| 12345678910111213141516171819202122232425262728293031323334353637383940414243444546 |
- %!TEX root = write-math-ba-paper.tex
- \section{Introduction}
- On-line recognition makes use of the pen trajectory. One possible
- representation of the data is given as groups of sequences of tuples $(x, y, t)
- \in \mathbb{R}^3$, where each group represents a stroke, $(x, y)$ is the
- position of the pen on a canvas and $t$ is the time.
- % On-line data was used to classify handwritten natural language text in many
- % different variants. For example, the $\text{NPen}^{++}$ system classified
- % cursive handwriting into English words by using hidden Markov models and neural
- % networks~\cite{Manke1995}.
- % Several systems for mathematical symbol recognition with on-line data have been
- % described so far~\cite{Kosmala98,Mouchere2013}, but no standard test set
- % existed to compare the results of different classifiers for single-symbol
- % classification of mathematical symbols. The used symbols differed in most
- % papers. This is unfortunate as the choice of symbols is crucial for the top-$n$
- % error. For example, the symbols $o$, $O$, $\circ$ and $0$ are very similar and
- % systems which know all those classes will certainly have a higher top-$n$ error
- % than systems which only accept one of them. But not only the classes differed,
- % also the used data to train and test had to be collected by each author again.

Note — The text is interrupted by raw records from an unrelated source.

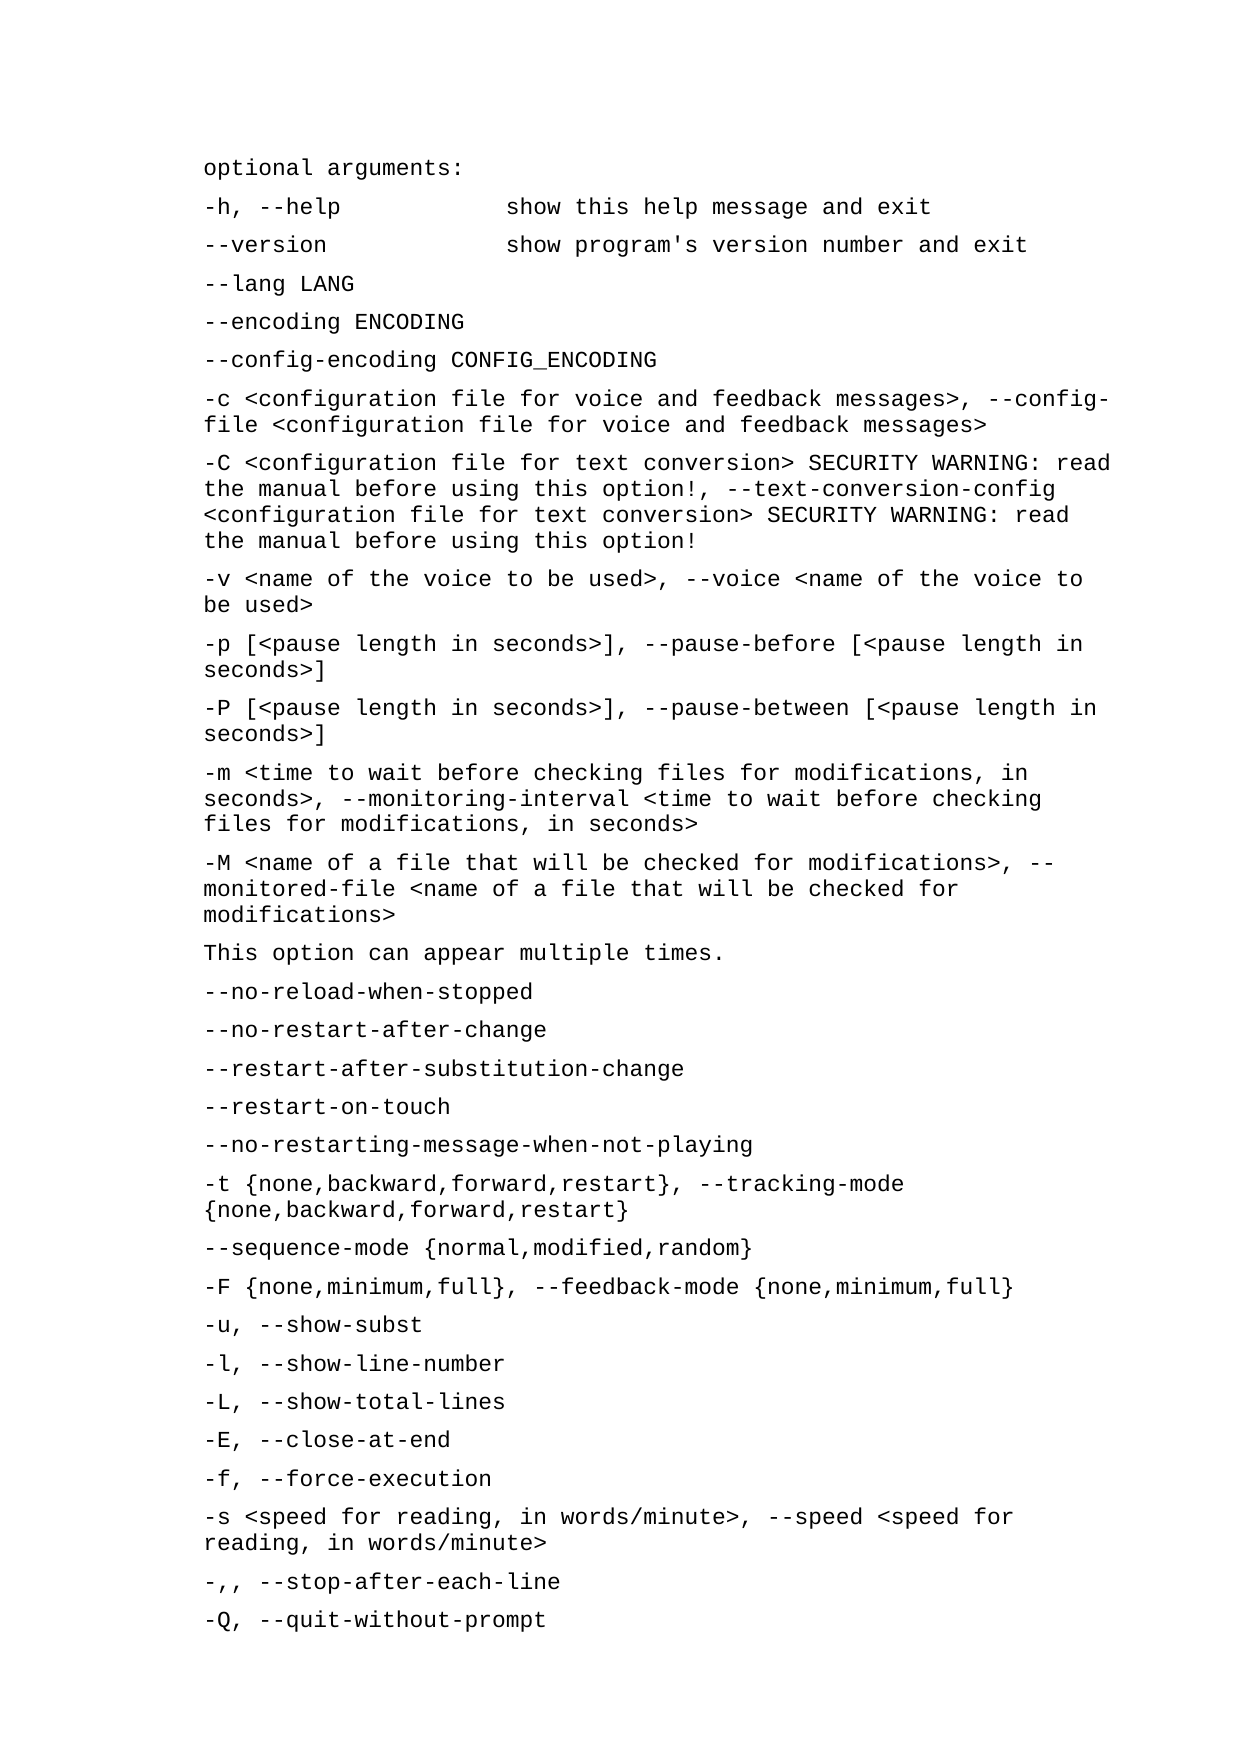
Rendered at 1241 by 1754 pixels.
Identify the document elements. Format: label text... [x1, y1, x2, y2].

text -l, --show-line-number [203, 1352, 1122, 1378]
text -t {none,backward,forward,restart}, --tracking-mode {none,backward,forward,restart} [203, 1172, 1122, 1224]
text -E, --close-at-end [203, 1429, 1122, 1455]
text --config-encoding CONFIG_ENCODING [203, 349, 1122, 375]
text --encoding ENCODING [203, 310, 1122, 336]
text -M <name of a file that will be checked for modifications>, --monitored-file <name of a file that will be checked for modifications> [203, 851, 1122, 929]
text --sequence-mode {normal,modified,random} [203, 1237, 1122, 1262]
text -p [<pause length in seconds>], --pause-before [<pause length in seconds>] [203, 632, 1122, 684]
text --no-reload-when-stopped [203, 980, 1122, 1006]
text -P [<pause length in seconds>], --pause-between [<pause length in seconds>] [203, 697, 1122, 748]
text -F {none,minimum,full}, --feedback-mode {none,minimum,full} [203, 1275, 1122, 1301]
text -h, --help show this help message and exit [203, 195, 1122, 221]
text -C <configuration file for text conversion> SECURITY WARNING: read the manual before using this option!, --text-conversion-config <configuration file for text conversion> SECURITY WARNING: read the manual before using this option! [203, 452, 1122, 555]
text -m <time to wait before checking files for modifications, in seconds>, --monitoring-interval <time to wait before checking files for modifications, in seconds> [203, 761, 1122, 839]
text -c <configuration file for voice and feedback messages>, --config-file <configuration file for voice and feedback messages> [203, 387, 1122, 439]
text -L, --show-total-lines [203, 1390, 1122, 1416]
text -u, --show-subst [203, 1313, 1122, 1339]
text -,, --stop-after-each-line [203, 1570, 1122, 1596]
text -s <speed for reading, in words/minute>, --speed <speed for reading, in words/minute> [203, 1506, 1122, 1557]
text --version show program's version number and exit [203, 233, 1122, 259]
text --no-restart-after-change [203, 1018, 1122, 1044]
text -f, --force-execution [203, 1467, 1122, 1493]
text --no-restarting-message-when-not-playing [203, 1134, 1122, 1160]
text This option can appear multiple times. [203, 942, 1122, 967]
text -v <name of the voice to be used>, --voice <name of the voice to be used> [203, 568, 1122, 620]
text --restart-on-touch [203, 1095, 1122, 1121]
text --lang LANG [203, 272, 1122, 298]
text optional arguments: [203, 157, 1122, 182]
text --restart-after-substitution-change [203, 1057, 1122, 1083]
text -Q, --quit-without-prompt [203, 1608, 1122, 1634]
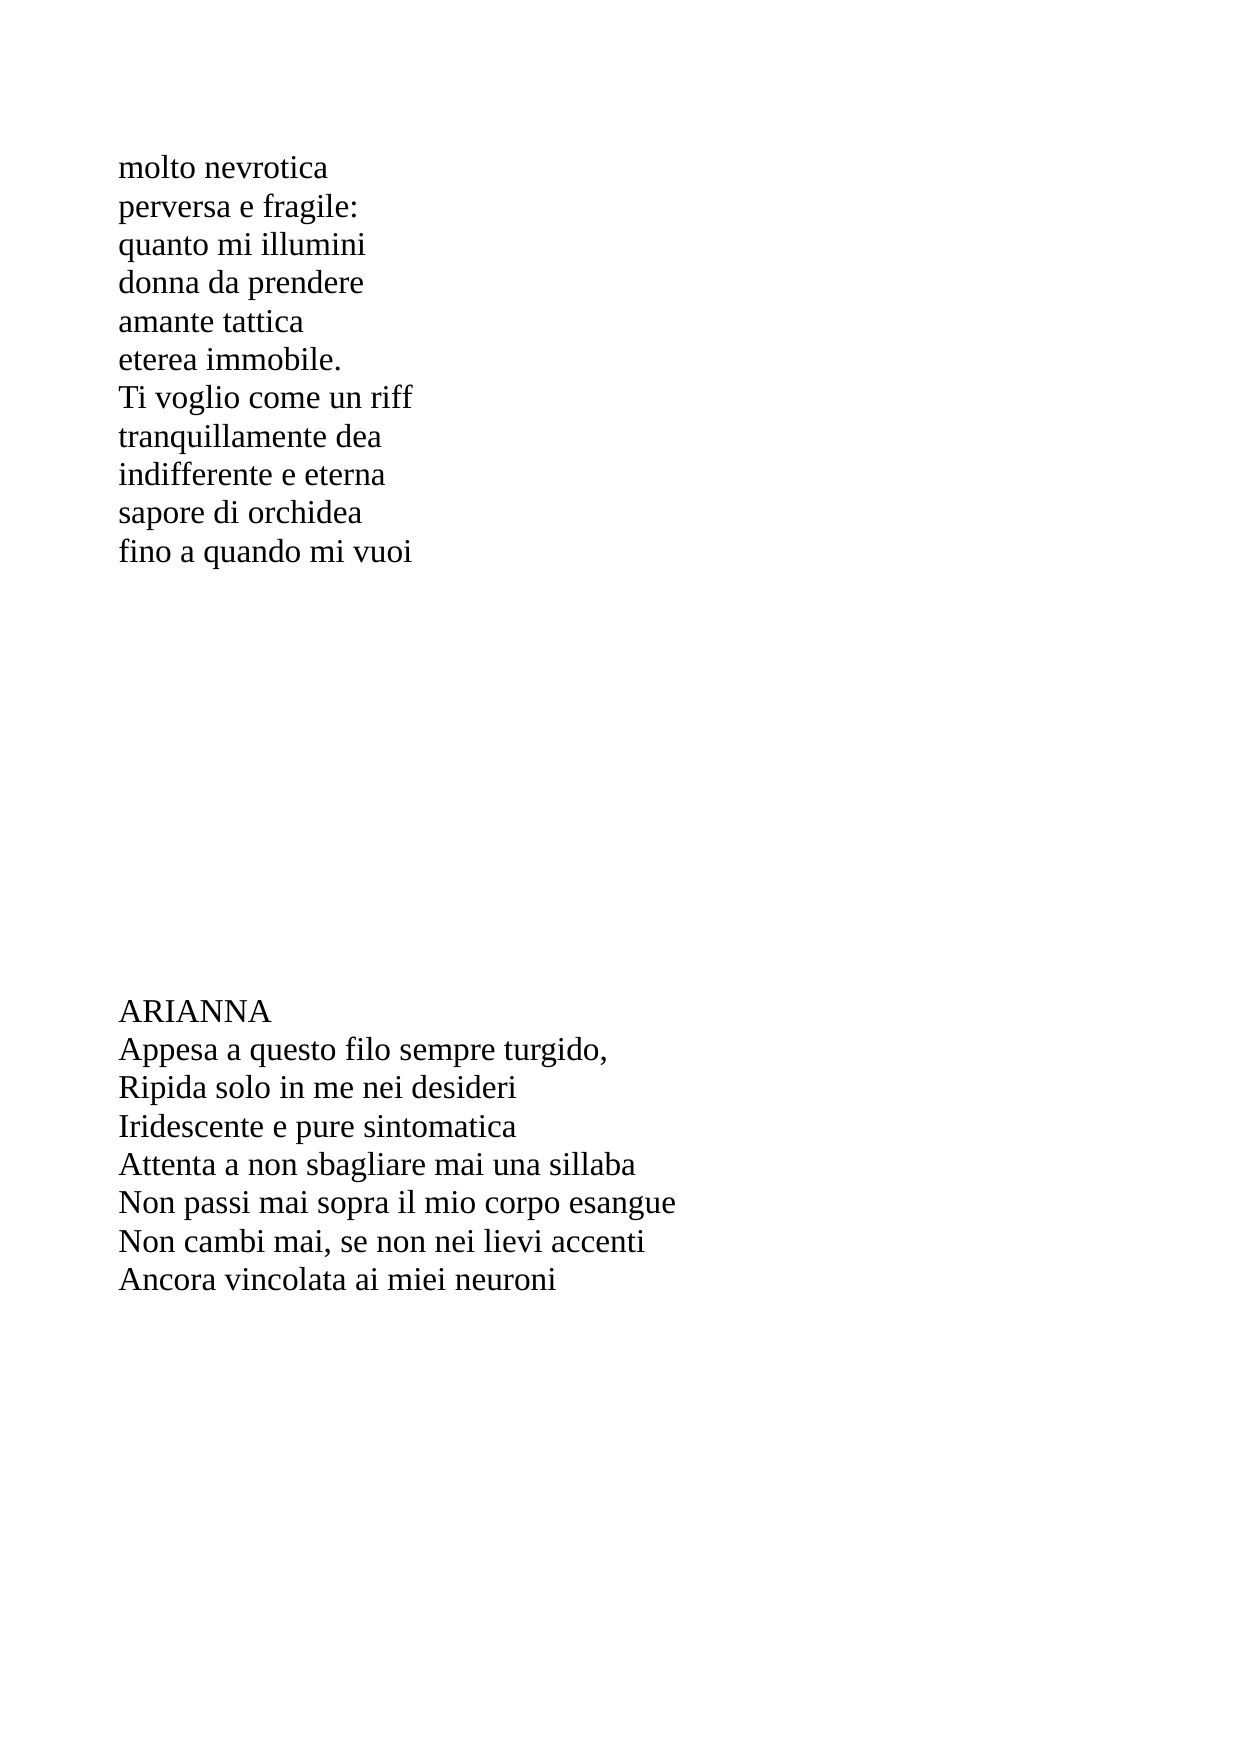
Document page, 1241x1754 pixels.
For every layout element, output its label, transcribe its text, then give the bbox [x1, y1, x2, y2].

text eterea immobile. [118, 339, 1122, 378]
text Ti voglio come un riff [118, 378, 1122, 416]
text Non passi mai sopra il mio corpo esangue [118, 1183, 1122, 1221]
text Ripida solo in me nei desideri [118, 1068, 1122, 1106]
text Attenta a non sbagliare mai una sillaba [118, 1144, 1122, 1183]
text Ancora vincolata ai miei neuroni [118, 1259, 1122, 1298]
text Appesa a questo filo sempre turgido, [118, 1029, 1122, 1068]
text amante tattica [118, 301, 1122, 339]
text indifferente e eterna [118, 454, 1122, 493]
text sapore di orchidea [118, 493, 1122, 531]
text fino a quando mi vuoi [118, 531, 1122, 569]
text tranquillamente dea [118, 416, 1122, 454]
text quanto mi illumini [118, 224, 1122, 263]
text perversa e fragile: [118, 186, 1122, 224]
text molto nevrotica [118, 148, 1122, 186]
text donna da prendere [118, 263, 1122, 301]
text Iridescente e pure sintomatica [118, 1106, 1122, 1144]
text ARIANNA [118, 991, 1122, 1029]
text Non cambi mai, se non nei lievi accenti [118, 1221, 1122, 1259]

- \cite{Kirsch}~describes a system called Detexify which uses
- time warping to classify on-line handwritten symbols and reports a top-3 error
- of less than $\SI{10}{\percent}$ for a set of $\num{100}$~symbols. He did also
- recently publish his data on \url{https://github.com/kirel/detexify-data},
- which was collected by a crowdsourcing approach via
- \url{http://detexify.kirelabs.org}. Those recordings as well as some recordings
- which were collected by a similar approach via \url{http://write-math.com} were
- merged in a single data set, the labels were semi-automatically checked for
- correctness and used to train and evaluated different classifiers. A more
- detailed description of all used software, data and experiments is given
- in~\cite{Thoma:2014}.
- In this paper we present a baseline system for the classification of on-line
- handwriting into $369$ classes of which some are very similar. An optimized
- classifier was developed which has a $\SI{29.7}{\percent}$ relative improvement
- of the top-3 error. This was achieved by using better features and \gls{SLP}.
- The absolute improvements compared to the baseline of those changes will also
- be shown.
- In the following, we will give a general overview of the system design, give
- information about the used data and implementation, describe the algorithms
- we used to classify the data, report results of our experiments and present
- the optimized recognizer we created.
|